İlk insan farklı destanlarda farklı isimlerle anılır. Yakut inancında ilk insan “Er Sogotoh Elley” ve Altay inancında “Erlik” adıyla bilinir (1). Tüm Kozmogoni modellerinde Tanrı-Evren-İnsan üçlüsü bulunur; Kozmoloji sözü ise farklı bir kavramdır ve sadece evren bilimini içerir, insan ve tanrı konularına değinmez. Kozmogoninin üçlü yapısını Ön-Türklerin hem dillerinde hem de kayalara çizdikleri resim ve şekillerde bulmak mümkündür. Zira Ön-Türkçe kök sözcüklerden türeyen bitişken dildir.

Günümüzde “O” sesiyle belirttiğimiz üçüncü tekil şahıs zamirinin eski kadim dildeki şekli “Oğ” idi.
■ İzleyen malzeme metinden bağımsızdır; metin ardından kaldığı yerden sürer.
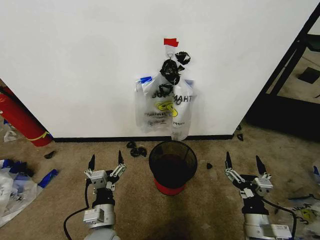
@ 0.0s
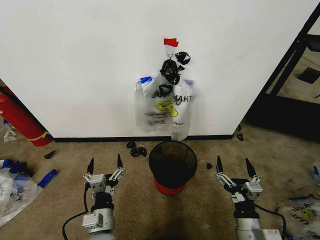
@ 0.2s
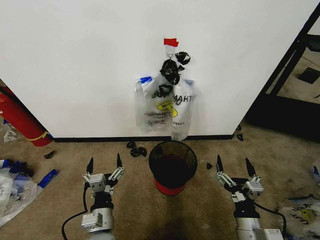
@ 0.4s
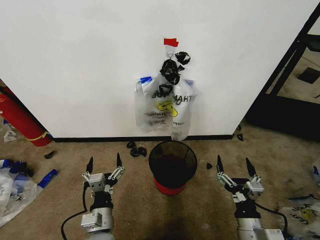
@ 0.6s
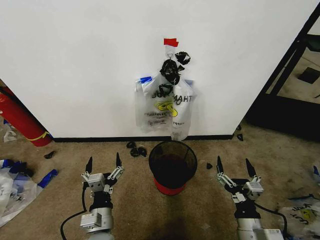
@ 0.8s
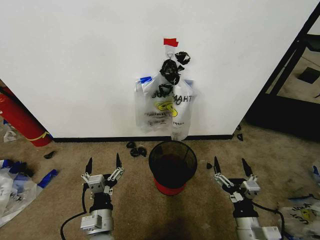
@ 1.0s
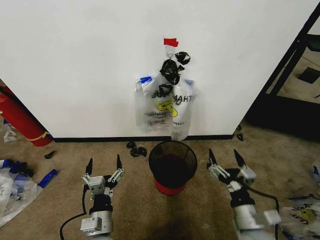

Oğ kök sözcüğü “yüksekte olan veya yükselen” anlamlarını içeriyordu. Bu sözcükten, Oğlan (yüksel, büyü), Oğlak (yüksek dağların yaban keçisi), Oğuz (yüksek Tengri’ye ait insan) sözcükleri türemiştir. Oğ kök sözcüğü genizden telaffuz edildiğinden Okh şeklinde de yazılabilir. Zamanla bu sözcük yönetici kişinin silahı olan ‘ok’ sözüne dönüşmüştür. Dünyanın ve insanların yaratıcısı olan Okh daire içinde dört yönü gösteren bir haç şeklinde belirtilmiştir (Bkz. İngilizce, Ancient Scripts başlığındaki 12 sayılı The Anatolian Expansion başlıklı yazı). Şekildeki daire evreni (dünyayı) ve dört kollu artı işareti de dört yöne hâkim olan tanrı kavramlarını simgelerler. Asya kökenli tengri damgasının çeşitli kültürlere geçmiş olduğu sabittir (2). Alttaki şaman davulunda ok işareti açıkça görülüyor. Sağdaki şekillerde görülen tengri damgasındaki daire zamanla O harfine ve artı işaret T harfine dönüşmüştür.

image00119.jpg

 image0028.jpg

 

Yönetici ilk insan kabul edilen Oğuz adı Oğuz Kağan Destanında ele alınır. Bu konuyu incelemiş olan Fuzuli Bayat (1), kitabının 120ci sayfasında şu sonuçlara ulaşır:

Oğuz adı, Türk dünya modelinin antropogonik kavranma şekli olup makro kozmosun ve mikro kozmosun hemen hemen bütün katmanlarını modelleştirir. Bu bağlamda dilcilerin teklif ettikleri etimolojilerin her biri bu kozmik modelin bir katmanını oluşturur. Bütün söylenenleri bir çizelgeye dönüştürecek olursak şöyle bir şema ortaya çıkar: İnanç (Öküz)>Bilgelik (Oge) >İnsan (Oğuz) > Kavim (Ok) >Zaman (Og) >Mekân (Oğuz eli).

Doç. Dr. Haluk BERKMEN

Kaynaklar:

(1) Oğuz Destan Dünyası, Fuzuli Bayat, sayfa 57, Ötüken Yayınları, 2006, İstanbul.

(2) Türk Kozmolojisine Giriş, Emel Esin, sayfa 31, Kabalcı Yayınevi, 2001, İstanbul.